I was curious as to what are the impacts of thread creation were on a netduino running the .net micro framework. It's commonly understood that threads have an inherent overhead to them but I was wondering if anyone knew if there were optimizations or not for .net micro on an embedded environment and if anyone can give me some detail as to what happens under the hood with a thread here (how much memory is allocated, how many cycles it takes to generate, etc).
In my experience there's a roughly 1K memory cost for each thread under NETMF. As for the time required to allocate a thread, if you're contemplating questions like that it's probably time to do a bit of reading on embedded systems best practice. I'm not mocking you, there's quite a bit of hard won lore that can save you heartache and hassle. Case in point, the thread thing. If you want reliability you have to guarantee maximum resource demand. If you're going to say "no more than 5 threads" then you may as well start all five as part of your initialisation process, and allocate all the resources they're going to want. If you can't do that then you can't guarantee the stability of your system under load. A side affect of this is that the time required to start them is irrelevant to the responsiveness of your system, although it does affect boot time slightly.

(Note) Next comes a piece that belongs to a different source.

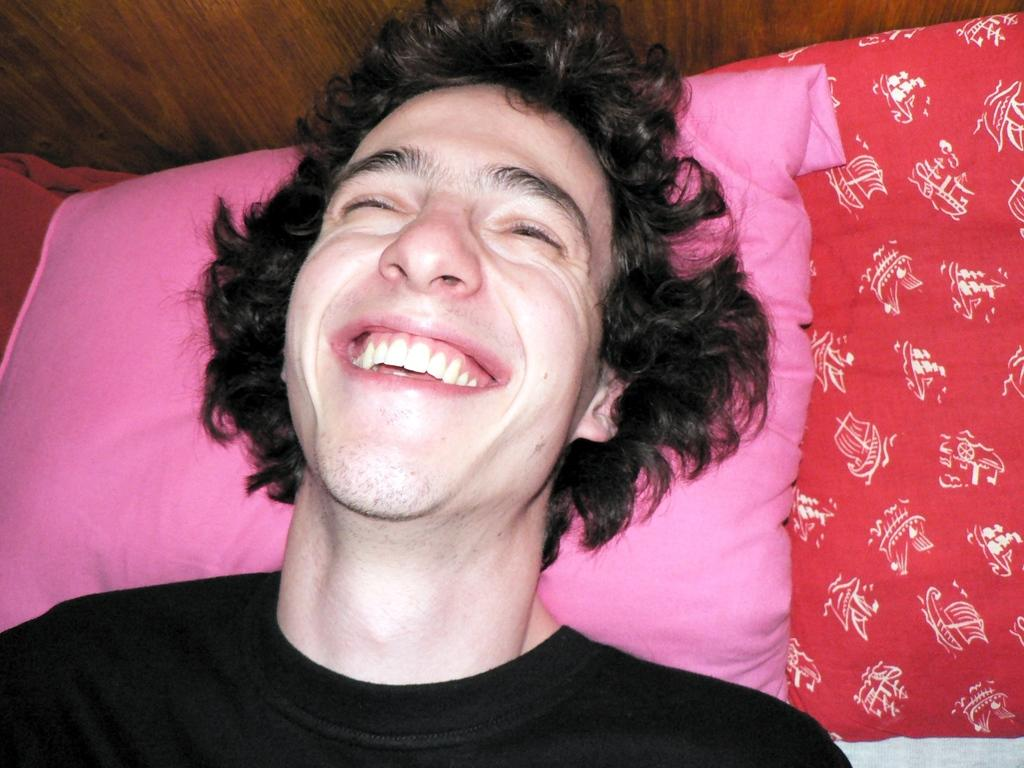What is the person in the image doing? The person is lying on the bed. What expression does the person have? The person is smiling. What color is the t-shirt the person is wearing? The person is wearing a black t-shirt. What colors are the pillows on the bed? The pillows on the bed are pink and red. What type of material is visible in the background? The background is made of wood. What type of notebook is the person holding in the image? There is no notebook present in the image. What emotion is the person displaying in the image? The person is displaying happiness, as they are smiling.

There is overhead for context switching. I can't give you quantified figures because I've never needed to benchmark it. NETMF is implemented right on the metal; more than likely you can get some insight from the SoC documentation which you can download from ATMEL. Or if you ask on the netduino forums there's a fair chance Chris can tell you off the cuff.
If this is a homework question then take Hans' advice and look at the source code. If you're looking to build something and assessing the platform suitability for an application then it may be of interest that I have never suffered from switching lag when doing timing sensitive things on different threads, but I never use more than three or four threads and one of them services a number of logical processes (all the timing insensitive stuff) in round robin fashion.
Once again, the key to long term stability is to avoid dynamic allocation of anything.
An advantage of explicitly coded round robin is that you have control of sequence for the logical processes.